But the health is the most important thing, and he's looking like he's very healthy.
Q. The catching situation, if you carried two catchers or three, if you carry the two, that obviously, is the roster spot, does that dictate 13 pitchers, 12 pitchers? I know it's really early?
TOREY LOVULLO: Yeah, yeah, those are always a challenge that we have carrying that third catcher. I think the ability of our starting pitchers and the consistency they showed this past year allowed us to keep three catchers all year long. We never really had to dig into that bullpen and carry an extra guy because they were all worn down. The starting pitching dictated a lot of the success of our year and a lot of the success of our roster being so consistent this past year.
So yeah, I think that the construction of the team matters based on your personnel, but I really like the idea of having a third catcher, but with Chris Herrmann being so flexible he played a lot of left field last year I know he played infield and first base, I like that versatile type of player being able to kind of maneuver him in the National League is a great luxury.

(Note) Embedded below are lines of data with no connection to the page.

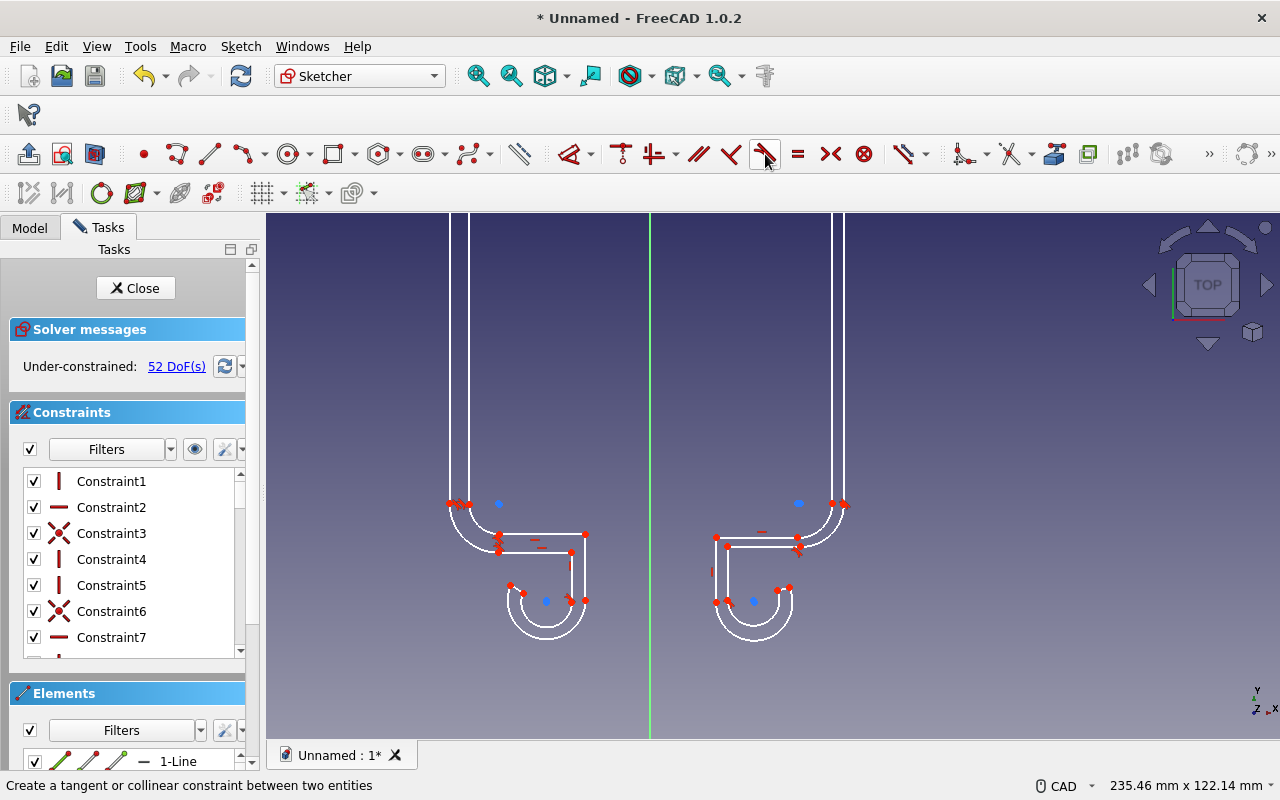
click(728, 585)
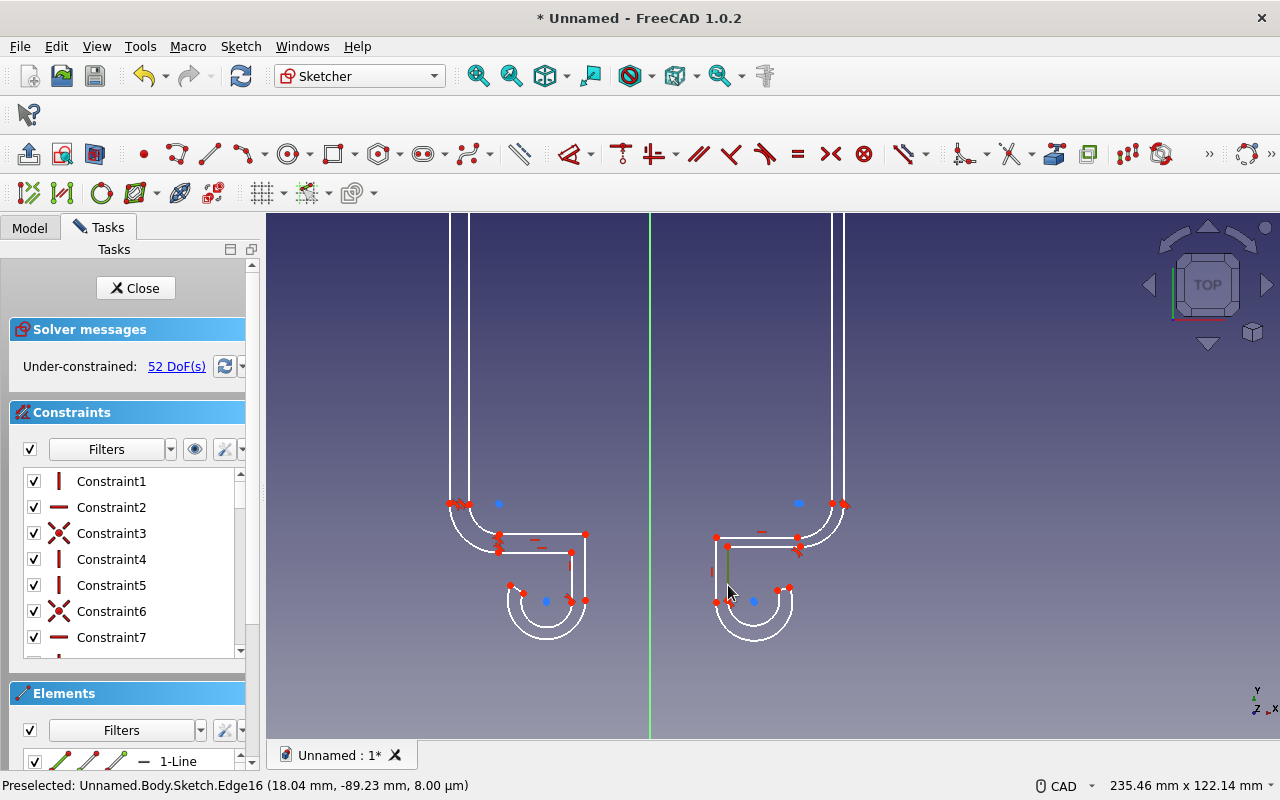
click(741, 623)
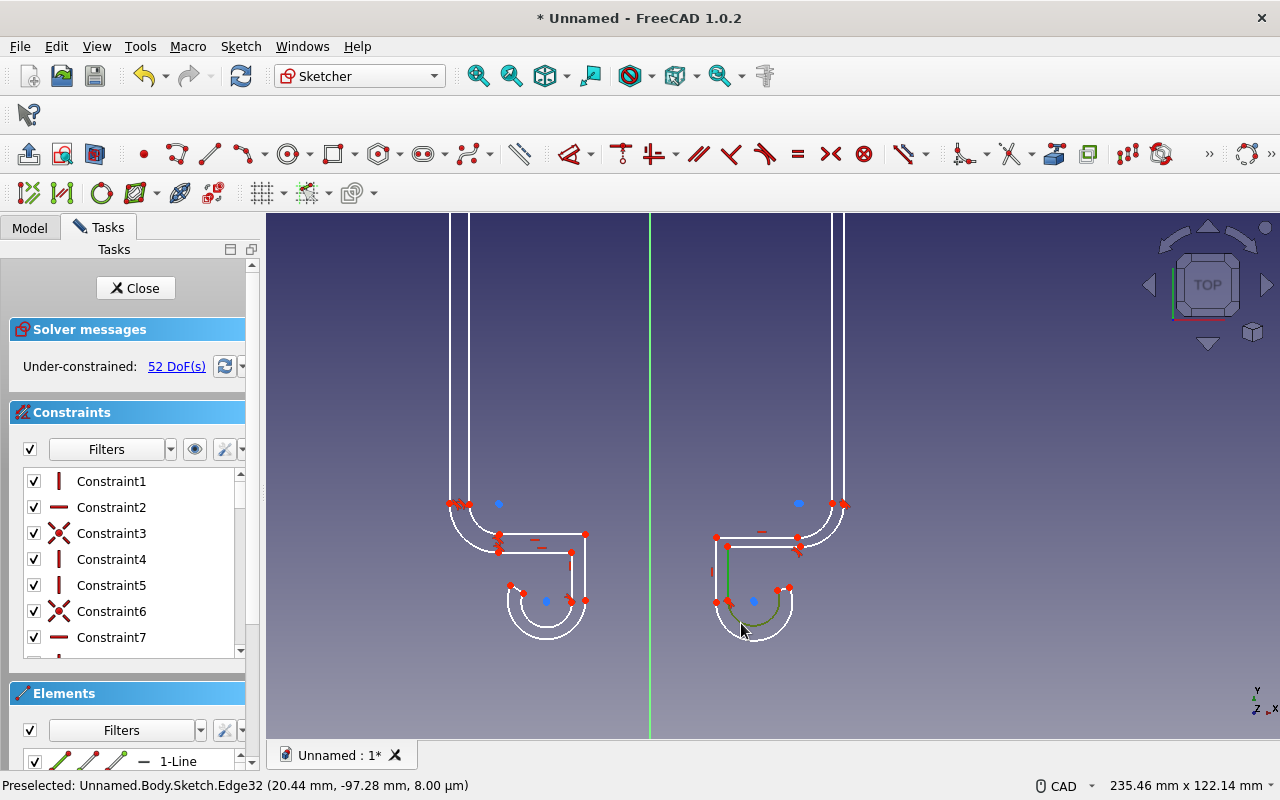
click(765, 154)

Q. Anthony Banda came up, made his debut last year. What was your assessment and what role do you see for him in 2018?
TOREY LOVULLO: I see him competing as one of our starters. He came in to Spring Training last year and really opened my eyes. He attacked the zone with an aggressive fastball and that's what you want to see from every young pitcher, that they're not backing off of their best pitch or their most aggressive pitch. So I was impressed by that.

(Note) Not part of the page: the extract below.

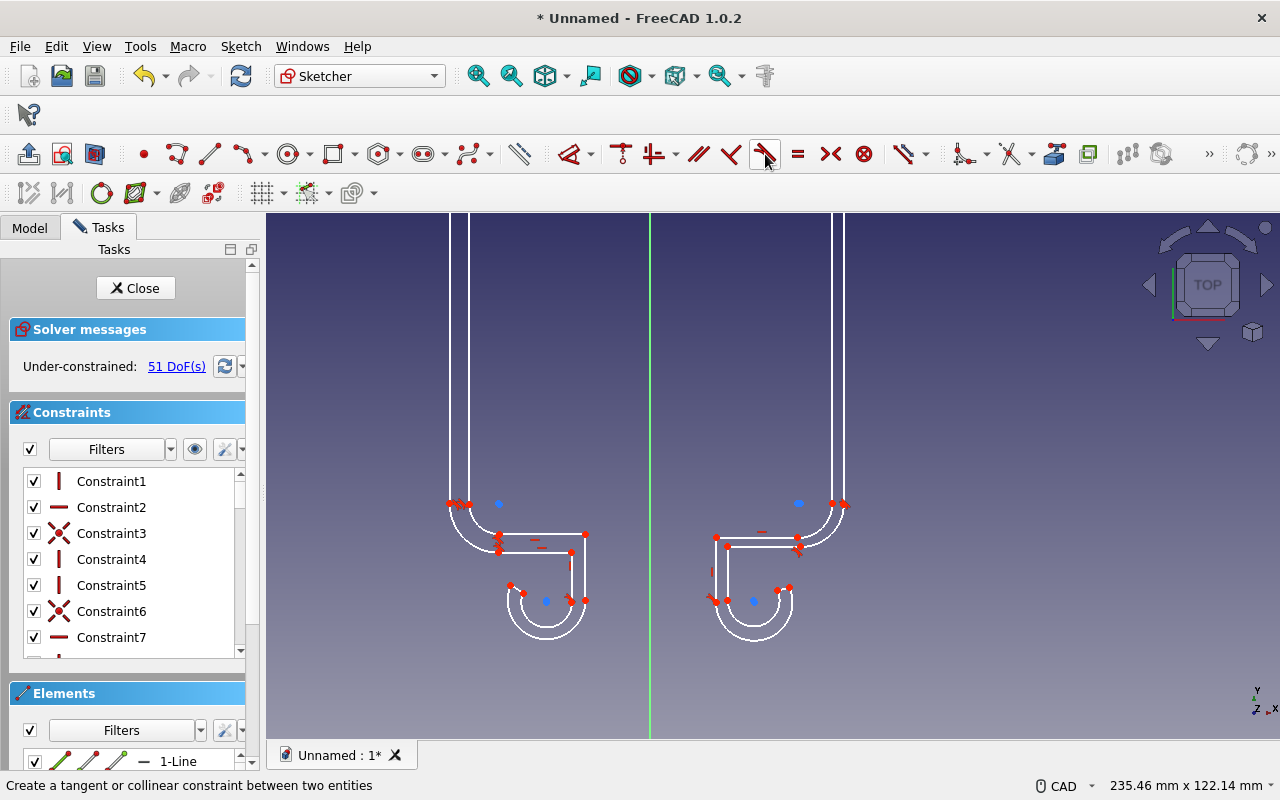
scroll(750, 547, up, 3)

Then I watched him improve start to start. His first couple starts were very good. I know there was a couple wobbly ones mixed in there, but I enjoyed meeting him, watching him grow, and the comfort level in which he showed when he was on the mound. There was tremendous mound presence and the stuff improved. We need that to continue. It's a three-pitch mix, with that aggressive fastball. He could be a very, very exciting young starter for us this year.
Q. What did you like about Ron Gardenhire as a bench coach and how do you think he benefited from his hiatus before getting a new job?
TOREY LOVULLO: The hiatus from the illness or between managing spots?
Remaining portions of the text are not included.